La préparation de l’agrégation de lettres modernes était la suite logique de mes études littéraires très classiques. J’avais le goût de la transmission mais pourtant pas de vocation pour l’enseignement, ni pour la recherche. Ma passion pour la littérature s’était, elle, confirmée. Je cherchais donc un aboutissement professionnel différent, mais qui ne s’en éloigne pas. C’est une de mes professeures de Lettres modernes à l’université qui m’a parlé pour la première fois de l’édition et m’a encouragée à faire un stage, et à m’intéresser aux masters professionnels.

– Vous faites alors un stage chez Plon. Pourquoi cette maison (et pas une autre) ? Qu’en connaissiez-vous ? Qu’avez-vous découvert de cette maison en la fréquentant de l’intérieur ?

Une ancienne camarade de classe préparatoire faisait un stage chez Plon au moment où je commençais à me renseigner et m’a indiqué qu’un poste de stagiaire se libérait au service éditorial. J’ai candidaté, dans cette grande maison très légitime, qui publiait des essais, des romans, des témoignages, et qui me semblait la plus intéressante car la plus généraliste. J’ai été retenue et ai commencé à travailler aux côtés de Muriel Beyer, qui m’a rapidement embauchée. J’y ai tout appris, sur le tas, l’ensemble du fonctionnement d’une maison d’édition, de l’administratif au commercial, de la création à la production, les techniques éditoriales, les relations avec les auteurs, tout.

– Chez Plon, vous avez fait deux passages successifs, à deux postes différents – lors du deuxième, à un poste d’éditrice de littérature contemporaine, vous affirmez un objectif de changement (source  : interview dans lesnouveauxtalents.fr) : quel changement ? Quelle vision préalable en aviez-vous ? Comment s’est-il mis en place, déroulé ?
Après votre départ, regardant derrière vous, comment voyez-vous ce changement, ses résultats  ?

-Cette (cf. lesnouveauxtalents.fr) mise en place progressive d’une politique éditoriale et de communication (cf. notamment, une attention portée aux bloggeurs, booktubeurs) ? Comment avez-vous établi ce plan de rénovation progressif ? Seule, ou accompagnée, en équipe ? Quelle organisation ?

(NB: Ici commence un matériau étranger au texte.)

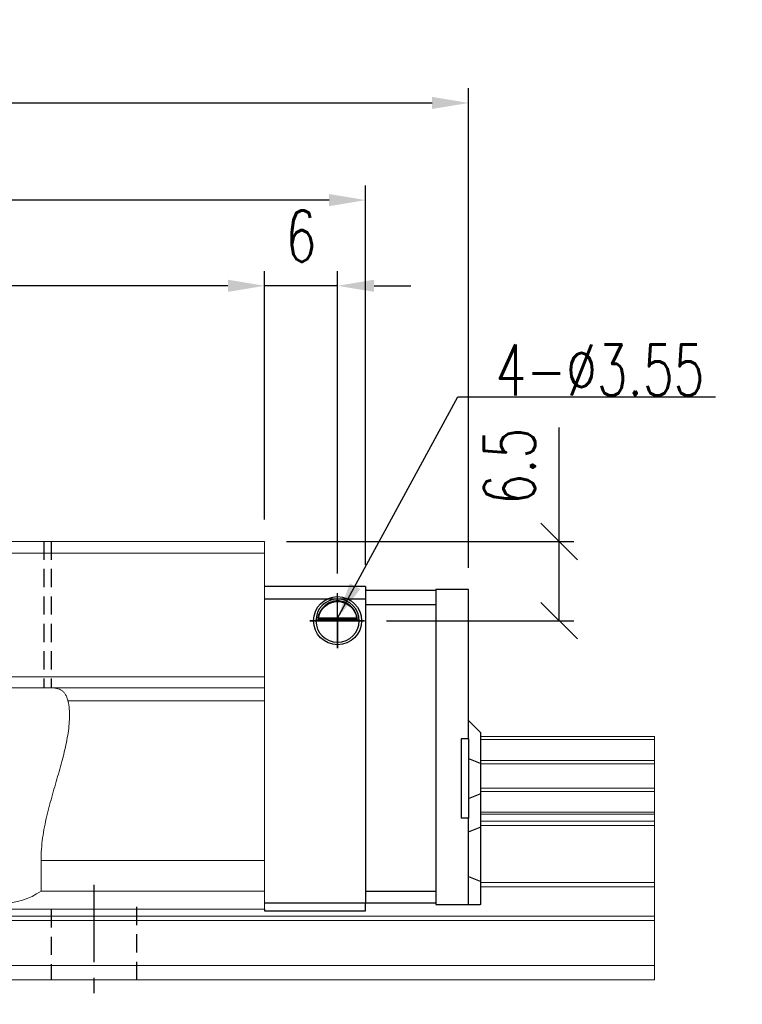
# Model space of a CAD drawing. Header units: millimetres. Extents: x 369 to 702, y 371 to 489.
# Tile 53 of 53: x 643 to 702, y 389 to 470. Entities that reach past the tile are written whole.
import ezdxf

# ---------------------------------------------------------------- set-up
doc = ezdxf.new("R2010")
doc.units = ezdxf.units.MM
doc.header["$PDSIZE"] = -1
doc.linetypes.add('CENTER', pattern=[10.16, 6.35, -1.27, 1.27, -1.27])
doc.linetypes.add('DASHED', pattern=[0.75, 0.5, -0.25])
for name, color, linetype in [('2', 7, 'Continuous'), ('CL', 1, 'CENTER'), ('DIM', 4, 'Continuous'), ('HID', 2, 'DASHED'), ('OUT', 3, 'Continuous')]:
    doc.layers.add(name, color=color, linetype=linetype)
doc.styles.add('DIM-7', font='SIMPLEX.shx', dxfattribs={"width": 0.7, "bigfont": 'chineset.shx'})
doc.dimstyles.new('CNS', dxfattribs={"dimtxt": 3.5, "dimasz": 2.5, "dimexe": 1, "dimexo": 1.5, "dimgap": 0.09, "dimtad": 0, "dimdsep": 46, "dimtxsty": 'DIM-7', "dimcen": 0.09, "dimclrd": 1, "dimclre": 1, "dimclrt": 4, "dimadec": 0, "dimazin": 0, "dimtfac": 1, "dimtix": 1, "dimtmove": 2, "dimatfit": 3, "dimfxl": 1, "dimtvp": 0.971429, "dimtolj": 1, "dimarcsym": 0})

# ---------------------------------------------------------------- blocks, each defined once
blk = doc.blocks.new('*D9')
at = {"layer": 'DEFPOINTS', "color": 0, "transparency": 16777216}
for p in [(574.87, 448.286), (574.87, 427.283), (662.87, 427.283)]:
    blk.add_point(p, dxfattribs=at)
at = {"layer": 'DIM', "color": 7, "lineweight": -2, "transparency": 16777216}
for p, q in [((574.87, 429.083), (574.87, 449.486)), ((662.87, 429.083), (662.87, 449.486)), ((659.87, 448.286), (577.87, 448.286))]:
    blk.add_line(p, q, dxfattribs=at)
at = {"layer": 'DIM', "color": 7, "transparency": 16777216}
for points in [[(577.87, 448.786), (577.87, 447.786), (574.87, 448.286)], [(659.87, 448.786), (659.87, 447.786), (662.87, 448.286)]]:
    blk.add_solid(points, dxfattribs=at)
at = {"layer": 'DIM', "color": 7, "transparency": 16777216, "insert": (618.87, 452.366), "char_height": 4.2, "attachment_point": 5, "style": 'DIM-7'}
blk.add_mtext('\\A1;88', dxfattribs=at)
blk = doc.blocks.new('*D10')
at = {"layer": 'DEFPOINTS', "color": 0, "transparency": 16777216}
for p in [(566.57, 455.322), (566.57, 423.583), (671.17, 423.583)]:
    blk.add_point(p, dxfattribs=at)
at = {"layer": 'DIM', "color": 7, "lineweight": -2, "transparency": 16777216}
for p, q in [((566.57, 425.383), (566.57, 456.522)), ((671.17, 425.383), (671.17, 456.522)), ((668.17, 455.322), (569.57, 455.322))]:
    blk.add_line(p, q, dxfattribs=at)
at = {"layer": 'DIM', "color": 7, "transparency": 16777216}
for points in [[(569.57, 455.822), (569.57, 454.822), (566.57, 455.322)], [(668.17, 455.822), (668.17, 454.822), (671.17, 455.322)]]:
    blk.add_solid(points, dxfattribs=at)
at = {"layer": 'DIM', "color": 7, "transparency": 16777216, "insert": (618.87, 459.402), "char_height": 4.2, "attachment_point": 5, "style": 'DIM-7'}
blk.add_mtext('\\A1;104.6', dxfattribs=at)
blk = doc.blocks.new('*D11')
at = {"layer": 'DEFPOINTS', "color": 0, "transparency": 16777216}
for p in [(662.87, 448.286), (662.87, 427.283), (668.87, 422.854)]:
    blk.add_point(p, dxfattribs=at)
at = {"layer": 'DIM', "color": 7, "lineweight": -2, "transparency": 16777216}
for p, q in [((662.87, 429.083), (662.87, 449.486)), ((668.87, 424.654), (668.87, 449.486)), ((659.87, 448.286), (656.87, 448.286)), ((668.87, 448.286), (662.87, 448.286)), ((671.87, 448.286), (674.87, 448.286))]:
    blk.add_line(p, q, dxfattribs=at)
at = {"layer": 'DIM', "color": 7, "transparency": 16777216}
for points in [[(659.87, 448.786), (659.87, 447.786), (662.87, 448.286)], [(671.87, 448.786), (671.87, 447.786), (668.87, 448.286)]]:
    blk.add_solid(points, dxfattribs=at)
at = {"layer": 'DIM', "color": 7, "transparency": 16777216, "insert": (665.87, 452.366), "char_height": 4.2, "attachment_point": 5, "style": 'DIM-7'}
blk.add_mtext('\\A1;6', dxfattribs=at)
blk = doc.blocks.new('_Oblique')
at = {"color": 0, "linetype": 'ByBlock', "lineweight": -2}
blk.add_line((-0.5, -0.5), (0.5, 0.5), dxfattribs=at)
blk = doc.blocks.new('*D12')
at = {"layer": 'DEFPOINTS', "color": 0, "transparency": 16777216}
for p in [(662.87, 427.283), (671.089, 420.783), (687.062, 420.783)]:
    blk.add_point(p, dxfattribs=at)
at = {"layer": 'DIM', "color": 7, "lineweight": -2, "transparency": 16777216}
for p, q in [((687.062, 427.283), (687.062, 436.659)), ((664.67, 427.283), (688.262, 427.283)), ((687.062, 420.783), (687.062, 427.283)), ((672.889, 420.783), (688.262, 420.783))]:
    blk.add_line(p, q, dxfattribs=at)
at = {"layer": 'DIM', "color": 7, "lineweight": -2, "transparency": 16777216, "xscale": 2.999999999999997, "yscale": 2.999999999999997, "zscale": 2.999999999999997}
for p, rotation in [((687.062, 427.283), 90), ((687.062, 420.783), 270)]:
    blk.add_blockref('_Oblique', p, dxfattribs=dict(at, rotation=rotation))
at = {"layer": 'DIM', "color": 7, "transparency": 16777216, "insert": (682.982, 433.471), "char_height": 4.2, "attachment_point": 5, "rotation": 90, "style": 'DIM-7'}
blk.add_mtext('\\A1;6.5', dxfattribs=at)
blk = doc.blocks.new('*D18')
at = {"layer": 'DEFPOINTS', "color": 0, "transparency": 16777216}
for p in [(679.62, 463.302), (558.12, 423.333), (679.62, 423.333)]:
    blk.add_point(p, dxfattribs=at)
at = {"layer": 'DIM', "color": 7, "lineweight": -2, "transparency": 16777216}
for p, q in [((558.12, 425.133), (558.12, 464.502)), ((679.62, 425.133), (679.62, 464.502)), ((561.12, 463.302), (676.62, 463.302))]:
    blk.add_line(p, q, dxfattribs=at)
at = {"layer": 'DIM', "color": 7, "transparency": 16777216}
for points in [[(561.12, 463.802), (561.12, 462.802), (558.12, 463.302)], [(676.62, 463.802), (676.62, 462.802), (679.62, 463.302)]]:
    blk.add_solid(points, dxfattribs=at)
at = {"layer": 'DIM', "color": 7, "transparency": 16777216, "insert": (618.87, 467.382), "char_height": 4.2, "attachment_point": 5, "style": 'DIM-7'}
blk.add_mtext('\\A1;121.5', dxfattribs=at)

msp = doc.modelspace()

# ---------------------------------------------------------------- linework, layer by layer
at = {"layer": '2', "color": 0, "linetype": 'Continuous'}
for p, q in [((671.17, 423.583), (662.87, 423.583)), ((671.17, 423.583), (671.17, 422.583)), ((671.17, 423.283), (676.92, 423.283)), ((679.62, 423.333), (676.92, 423.333)), ((676.92, 423.333), (676.92, 397.483)), ((679.62, 423.186), (679.62, 423.333)), ((679.62, 421.979), (679.62, 423.186)), ((662.87, 422.583), (671.17, 422.583)), ((671.17, 422.583), (671.17, 397.583)), ((676.92, 422.083), (671.17, 422.083)), ((679.62, 421.626), (679.62, 421.979)), ((679.62, 411.082), (679.62, 421.626)), ((670.644, 420.833), (667.096, 420.833)), ((667.238, 420.966), (670.502, 420.966)), ((667.315, 421.033), (670.425, 421.033)), ((679.62, 412.583), (680.57, 411.633)), ((680.62, 411.583), (680.57, 411.633)), ((680.62, 409.079), (680.62, 411.583)), ((679.02, 411.082), (679.02, 404.582)), ((679.62, 411.082), (679.02, 411.082)), ((679.62, 411.082), (679.62, 404.582)), ((679.62, 409.473), (680.57, 409.098)), ((680.62, 409.079), (680.57, 409.098)), ((680.62, 406.586), (680.62, 409.079)), ((679.62, 406.192), (680.57, 406.567)), ((680.62, 406.586), (680.57, 406.567)), ((680.62, 403.852), (680.62, 406.586)), ((679.62, 404.582), (679.02, 404.582)), ((679.62, 399.04), (679.62, 404.582)), ((679.62, 403.458), (680.57, 403.832)), ((680.62, 403.852), (680.57, 403.832)), ((680.62, 399.373), (680.62, 403.852)), ((679.62, 399.787), (680.57, 399.393)), ((679.62, 398.686), (679.62, 399.04)), ((679.62, 397.629), (679.62, 398.686)), ((680.62, 399.373), (680.57, 399.393)), ((680.62, 397.483), (680.62, 399.373)), ((671.17, 398.583), (676.92, 398.583)), ((671.17, 397.583), (662.87, 397.583)), ((662.87, 397.083), (662.87, 396.948)), ((671.17, 397.083), (671.17, 397.583)), ((676.92, 397.583), (671.17, 397.583)), ((671.17, 396.948), (671.17, 397.083)), ((671.17, 396.948), (671.17, 397.083)), ((676.92, 397.483), (679.62, 397.483)), ((679.62, 397.483), (679.62, 397.629)), ((679.62, 397.483), (680.57, 397.483)), ((680.62, 397.483), (680.57, 397.483)), ((662.87, 396.948), (671.17, 396.948))]:
    msp.add_line(p, q, dxfattribs=at)
at = {"layer": '2', "color": 0, "linetype": 'Continuous', "extrusion": (0, 0, -1)}
for radius, start, end in [(1.975, 270, 90), (1.575, 9.1332, 90), (1.975, 90, 270), (1.575, 90, 170.8668)]:
    msp.add_arc((-668.87, 420.783), radius, start, end, dxfattribs=at)
at = {"layer": '2', "color": 0, "linetype": 'Continuous'}
for start, end in [(90, 270), (270, 90)]:
    msp.add_arc((668.87, 420.783), 1.775, start, end, dxfattribs=at)
for points, knots in [([(668.87, 422.414), (668.719, 422.414), (668.566, 422.39), (668.249, 422.294), (668.083, 422.21), (667.813, 422.012), (667.699, 421.901), (667.527, 421.682), (667.461, 421.575), (667.355, 421.361), (667.314, 421.251), (667.265, 421.085), (667.25, 421.022), (667.238, 420.966)], [0, 0, 0, 0, 0.183798, 0.183798, 0.410489, 0.410489, 0.600027, 0.600027, 0.749109, 0.749109, 0.899192, 0.899192, 1, 1, 1, 1]), ([(670.502, 420.966), (670.486, 421.042), (670.464, 421.131), (670.4, 421.321), (670.358, 421.423), (670.253, 421.618), (670.189, 421.715), (670.017, 421.926), (669.899, 422.037), (669.639, 422.217), (669.495, 422.29), (669.192, 422.387), (669.03, 422.414), (668.87, 422.414)], [0, 0, 0, 0, 0.137686, 0.137686, 0.275472, 0.275472, 0.412356, 0.412356, 0.606431, 0.606431, 0.804639, 0.804639, 1, 1, 1, 1])]:
    msp.add_open_spline(points, degree=3, knots=knots, dxfattribs=at)
for points in [[(667.315, 421.033), (667.289, 421.01), (667.264, 420.988), (667.238, 420.966)], [(670.502, 420.966), (670.476, 420.988), (670.45, 421.01), (670.425, 421.033)]]:
    msp.add_open_spline(points, degree=3, dxfattribs=at)
at = {"layer": 'CL', "color": 0}
msp.add_line((648.87, 399.083), (648.87, 389.283), dxfattribs=at)
at = {"layer": 'DIM', "color": 0}
for p, q in [((668.87, 418.538), (668.87, 423.054)), ((668.87, 420.783), (666.579, 420.783)), ((666.579, 420.783), (671.089, 420.783)), ((671.089, 420.783), (668.87, 420.783)), ((668.87, 420.783), (668.87, 418.538))]:
    msp.add_line(p, q, dxfattribs=at)
at = {"layer": 'HID', "color": 0, "ltscale": 3}
for p, q in [((644.77, 427.283), (644.77, 415.283)), ((645.37, 427.283), (645.37, 415.283)), ((645.37, 397.083), (645.37, 391.283)), ((652.37, 397.283), (652.37, 391.283))]:
    msp.add_line(p, q, dxfattribs=at)
at = {"layer": 'OUT', "color": 0, "linetype": 'Continuous', "lineweight": 15}
for p, q in [((662.87, 427.283), (574.87, 427.283)), ((662.87, 427.283), (662.87, 426.283)), ((574.87, 426.333), (662.87, 426.333)), ((662.87, 426.283), (662.87, 397.083)), ((574.87, 416.183), (662.87, 416.183)), ((574.87, 415.283), (662.87, 415.283)), ((646.744, 414.197), (662.87, 414.197)), ((694.87, 411.283), (680.62, 411.283)), ((694.87, 411.027), (680.62, 411.027)), ((694.87, 411.283), (694.87, 411.027)), ((694.87, 411.027), (694.87, 409.317)), ((694.87, 409.317), (680.62, 409.317)), ((694.87, 409.317), (694.87, 409.023)), ((694.87, 409.023), (680.62, 409.023)), ((694.87, 409.023), (694.87, 407.042)), ((694.87, 407.042), (680.62, 407.042)), ((694.87, 406.748), (680.62, 406.748)), ((694.87, 407.042), (694.87, 406.748)), ((694.87, 406.748), (694.87, 405.067)), ((694.87, 405.067), (680.62, 405.067)), ((694.87, 404.903), (680.62, 404.903)), ((694.87, 404.309), (680.62, 404.309)), ((694.87, 405.067), (694.87, 404.903)), ((694.87, 404.903), (694.87, 404.309)), ((694.87, 404.309), (694.87, 403.956)), ((694.87, 403.956), (680.62, 403.956)), ((694.87, 403.956), (694.87, 399.29)), ((644.532, 398.583), (644.532, 401.083)), ((644.532, 401.083), (662.87, 401.083)), ((694.87, 399.29), (680.62, 399.286)), ((694.87, 398.936), (680.62, 398.936)), ((694.87, 399.29), (694.87, 398.936)), ((694.87, 398.936), (694.87, 396.529)), ((644.532, 398.583), (662.87, 398.583)), ((574.87, 397.083), (662.87, 397.083)), ((694.87, 396.529), (546.444, 396.529)), ((694.87, 396.529), (694.87, 396.176)), ((674.87, 396.176), (546.389, 396.176)), ((694.87, 396.176), (674.87, 396.176)), ((694.87, 396.176), (694.87, 392.483)), ((694.87, 392.483), (545.267, 392.483)), ((694.87, 392.483), (694.87, 391.283)), ((674.87, 391.283), (508.87, 391.283)), ((694.87, 391.283), (674.87, 391.283))]:
    msp.add_line(p, q, dxfattribs=at)
msp.add_arc((641.37, 403.083), 5.5, 234.9032, 305.0968, dxfattribs=at)
for points, knots in [([(646.744, 414.197), (646.721, 414.294), (646.695, 414.386), (646.632, 414.555), (646.596, 414.632), (646.513, 414.773), (646.467, 414.837), (646.363, 414.951), (646.304, 415.002), (646.114, 415.133), (645.967, 415.192), (645.629, 415.268), (645.441, 415.283), (645.238, 415.283)], [0, 0, 0, 0, 0.125, 0.125, 0.25, 0.25, 0.375, 0.375, 0.5, 0.5, 0.75, 0.75, 1, 1, 1, 1]), ([(644.532, 401.083), (644.532, 401.395), (644.544, 401.71), (644.59, 402.333), (644.623, 402.642), (644.751, 403.56), (644.872, 404.161), (645.152, 405.349), (645.311, 405.937), (645.635, 407.082), (645.799, 407.642), (646.112, 408.74), (646.26, 409.279), (646.523, 410.338), (646.637, 410.861), (646.806, 411.882), (646.859, 412.373), (646.873, 413.081), (646.867, 413.312), (646.827, 413.765), (646.793, 413.986), (646.744, 414.197)], [0, 0, 0, 0, 0.0625, 0.0625, 0.125, 0.125, 0.25, 0.25, 0.375, 0.375, 0.5, 0.5, 0.625, 0.625, 0.75, 0.75, 0.875, 0.875, 0.9375, 0.9375, 1, 1, 1, 1])]:
    msp.add_open_spline(points, degree=3, knots=knots, dxfattribs=at)

# ---------------------------------------------------------------- texts
at = {"layer": 'DIM', "color": 0, "insert": (681.834, 439.273), "char_height": 4.2, "attachment_point": 7, "style": 'DIM-7'}
msp.add_mtext('\\A1;4-%%C3.55', dxfattribs=at)

# ---------------------------------------------------------------- dimensions: what is measured, and where the dimension line sits
at = {"layer": 'DIM', "color": 0}
for base, p1, p2, picture, middle in [((679.62, 463.302), (558.12, 423.333), (679.62, 423.333), '*D18', (618.87, 467.382)), ((566.57, 455.322), (671.17, 423.583), (566.57, 423.583), '*D10', (618.87, 459.402)), ((574.87, 448.286), (662.87, 427.283), (574.87, 427.283), '*D9', (618.87, 452.366)), ((662.87, 448.286), (668.87, 422.854), (662.87, 427.283), '*D11', (665.87, 452.366))]:
    dim = msp.add_linear_dim(base=base, p1=p1, p2=p2, dimstyle='CNS', override={"dimscale": 1.2, "dimclrd": 7, "dimclre": 7, "dimclrt": 7}, dxfattribs=at)
    dim.commit()
    dim.dimension.update_dxf_attribs({"geometry": picture, "text_midpoint": middle})
dim = msp.add_linear_dim(base=(687.062, 420.783), p1=(662.87, 427.283), p2=(671.089, 420.783), angle=90, dimstyle='CNS', override={"dimscale": 1.2, "dimblk1": 'Oblique', "dimblk2": 'Oblique', "dimsah": 1, "dimclrd": 7, "dimclre": 7, "dimclrt": 7, "dimtmove": 0}, dxfattribs=at)
dim.commit()
dim.dimension.update_dxf_attribs({"geometry": '*D12', "text_midpoint": (687.062, 433.471), "dimtype": 160})

# ---------------------------------------------------------------- leaders
at = {"layer": 'DIM', "color": 0, "annotation_type": 0, "has_hookline": 1, "hookline_direction": 0, "text_width": 18.06}
msp.add_leader([(668.87, 420.983), (678.726, 439.165), (681.726, 439.165)], dimstyle='CNS', override={"dimscale": 1.2, "dimgap": 0.09, "dimtad": 1, "dimclrd": 7, "dimclre": 4}, dxfattribs=at)

doc.saveas('drawing.dxf')

J’ai été recrutée à ce poste d’éditrice après quatre années passées hors de l’édition, pendant lesquelles je m’étais occupée de la communication d’une fondation politique. En revenant chez Plon, j’ai eu pour feuille de route de reconstruire une identité – à la fois en termes de ligne éditoriale et de communication – en littérature française, pour faire progresser Plon dans ce domaine. J’ai donc établi un constat des points à améliorer et ai fait des propositions pour gagner d’une part en cohérence (sur les auteurs, les thèmes abordés, les types de romans publiés), et d’autre part en modernité (le ton, la charte graphique). Avec le soutien de la directrice éditoriale, Muriel Beyer, j’ai d’abord construit mon programme éditorial (définition de la ligne, choix des textes, programmation), puis travaillé avec la directrice artistique à la création d’une nouvelle charte graphique pour affirmer cette identité (notamment par l’utilisation de pantone fluos) et avec le service de fabrication à la finalisation des objets (choix des papiers, des finitions…). Ensuite a démarré la phase de communication et de commercialisation, avec l’attachée de presse, la directrice commerciale et toute l’équipe de diffusion. Il me semblait important de bâtir une stratégie de communication globale, tous supports, en ne prenant pas en compte uniquement les médias traditionnels, mais en englobant également les nouveaux médias, le web, les réseaux sociaux. Je reste persuadée que le succès d’un livre ne peut se construire aujourd’hui qu’en touchant l’ensemble des canaux de communication.

– « On ne nait pas éditeur, on le devient ? » Comment le devient-on ? Par formation, par expérience (laquelle, lesquelles), par un mélange des deux ? Quelles expériences ont été déterminantes dans ce « devenir » ?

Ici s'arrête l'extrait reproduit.